July 19, 2009 at 10:21 a.m. UTC
Good article. Now the difference system mtu vs ip mtu vs mtu is clear.
August 9, 2009 at 10:45 a.m. UTC
Danny , thx for the explenation. Nevertheless i have a couple of questions :
I'm a bit surprised how come the EThernet MTU and the IP MTU refer to the same section of the Frame packet
If they do refer to the same section. it doesn't make any sense to have different values
October 20, 2009 at 1:06 p.m. UTC
Hi, I want to talk a little bit about fragmentation.
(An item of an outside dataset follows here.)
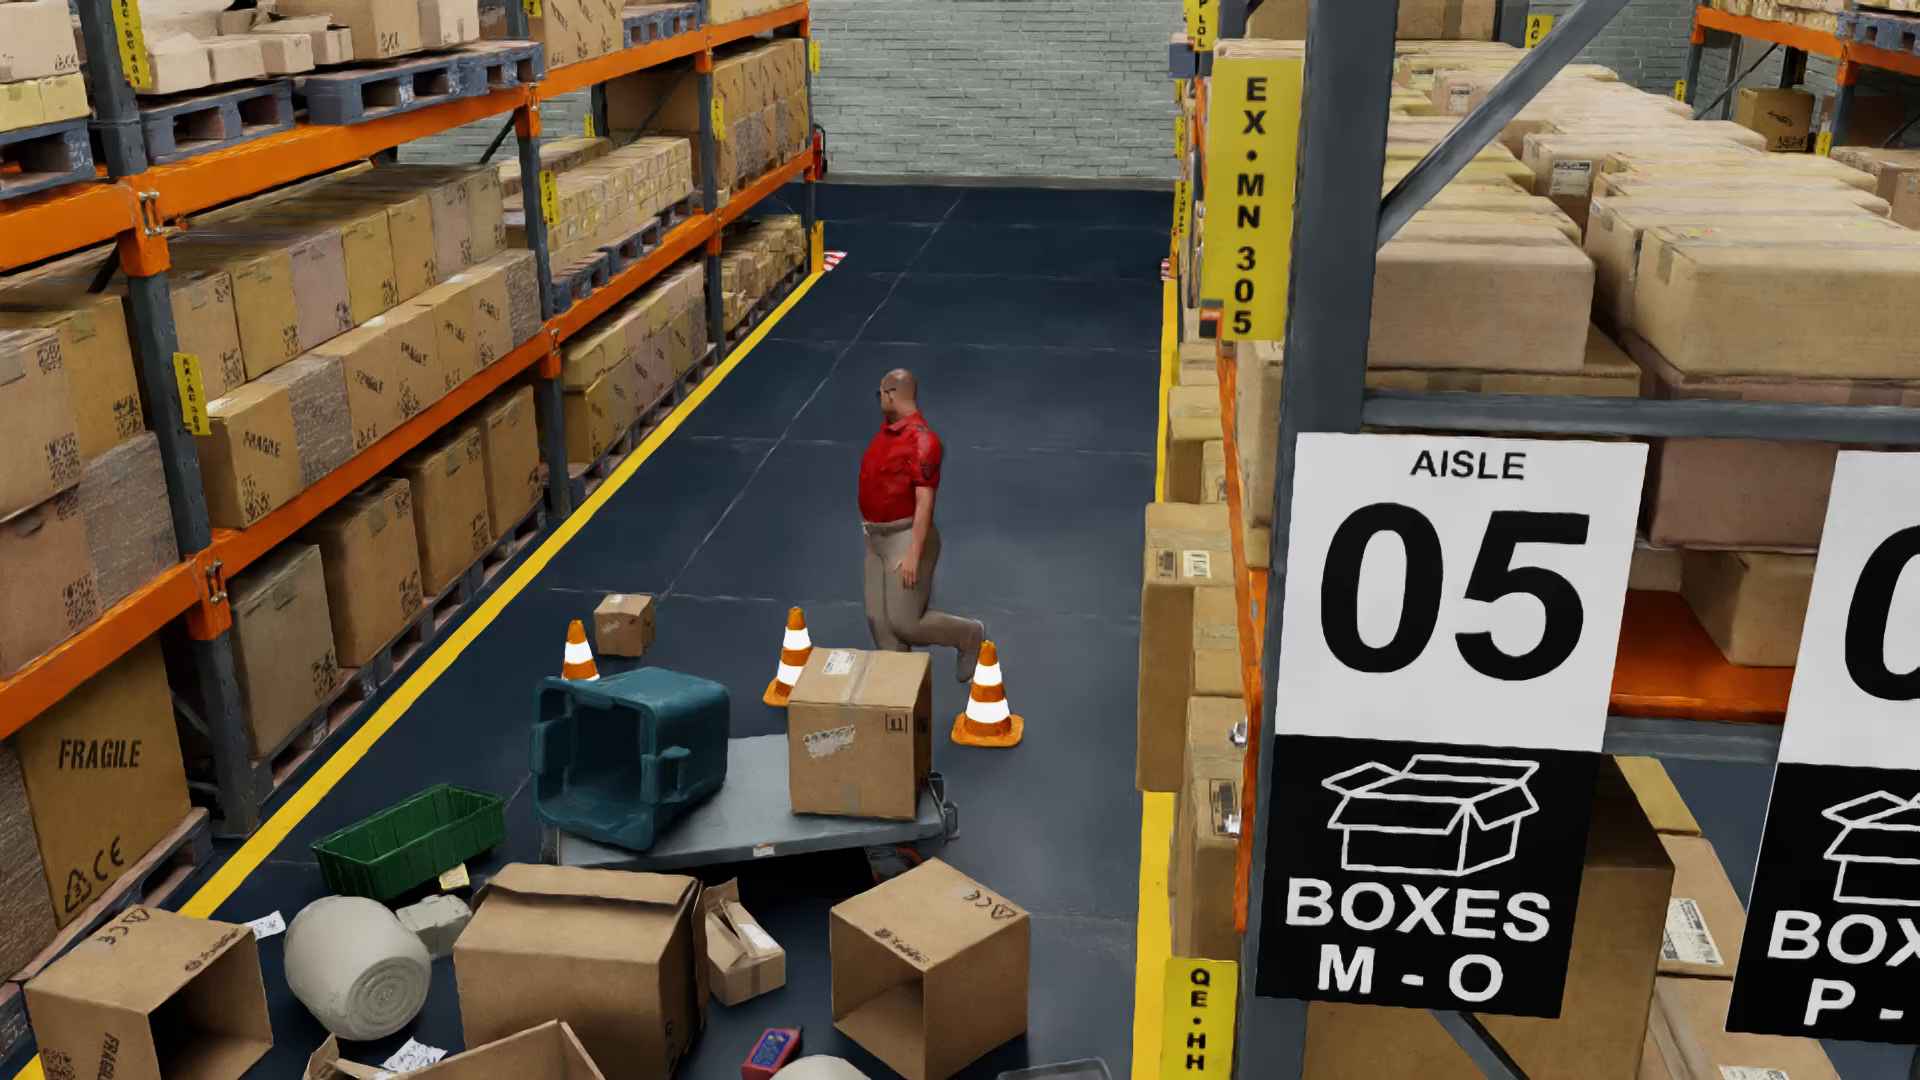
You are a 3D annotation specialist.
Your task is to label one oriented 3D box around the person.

Something that is not quite clear to me: When the host receives ICMP message "packet too big, fragmentation needed" (type3 code 4), does it reduce the TCP MSS or the actual MTU of the interface? What is the right way? It seems that it shall be the MSS, but i saw implementations where the actual MTU is reduced... Thanks.
November 27, 2011 at 8:27 p.m. UTC
April 6, 2012 at 12:24 p.m. UTC
I am network engineer in ISP, we are using tunnel for the customer, but in most cases customer have a complaint that the MTU 1500 is not working, and on lower MTU is working e.g MTU 1484.
I have also used the ip df 0 method but issue same,
ROUTER(config-if)ip policy route-map clear-df
So what is the perfect solution to fix it.
November 19, 2012 at 5:20 p.m. UTC
hi. as I've got, you said the IP MTU is the whole IP packet (IP header plus payload); but with refer to thhis link (http://ieoc.com/forums/p/7630/31454.aspx#31454), the IP mtu is equal to 1500 byte bt default, but considered to be the size of the IP Payload without any header. am I correct? tnx.
November 25, 2014 at 4:07 p.m. UTC
IP MTU refers to what you set on your Router interface.
Ethernet MTU refers to what the hardware supports. Ethernet has a built in MTU of 1500, that is why the value doesn't change. It is based on the physical capability of the wire.
That is also why they are two different things. Pretty much 99% of the time, the values will be the same. But if you ever need to adjust the MTU, you would be adjusting the IP MTU. You can't change the Ethernet MTU unless you re-cable.
Here is proof:
R3(config)#interface FastEthernet0/0 R3(config-if)#mtu 1111 % Interface FastEthernet0/0 does not support user settable mtu. R3(config-if)#ip mtu 777 R3(config-if)#
R3# show ip int fa0/0 FastEthernet0/0 is up, line protocol is up MTU is 777 bytes---output truncated---
R3# show int f0/0 FastEthernet0/0 is up, line protocol is up MTU 1500 bytes, BW 10000 Kbit/sec, DLY 1000 usec
November 30, 2015 at 8:03 a.m. UTC
Thanks , Great Abstract
July 12, 2016 at 9:45 a.m. UTC
This article is really nice. It also helped me brushing up the concept for my own blog. Thanks!
If you allow, here is a link to my own article on the same topic:
September 30, 2016 at 1:09 p.m. UTC
Hello, Thanks for the nice article. Regarding command "ip tcp adjust-mss" - it looks like it doesn't work for transit traffic in case CEF is enabled. It can be applied, but no effect is seen.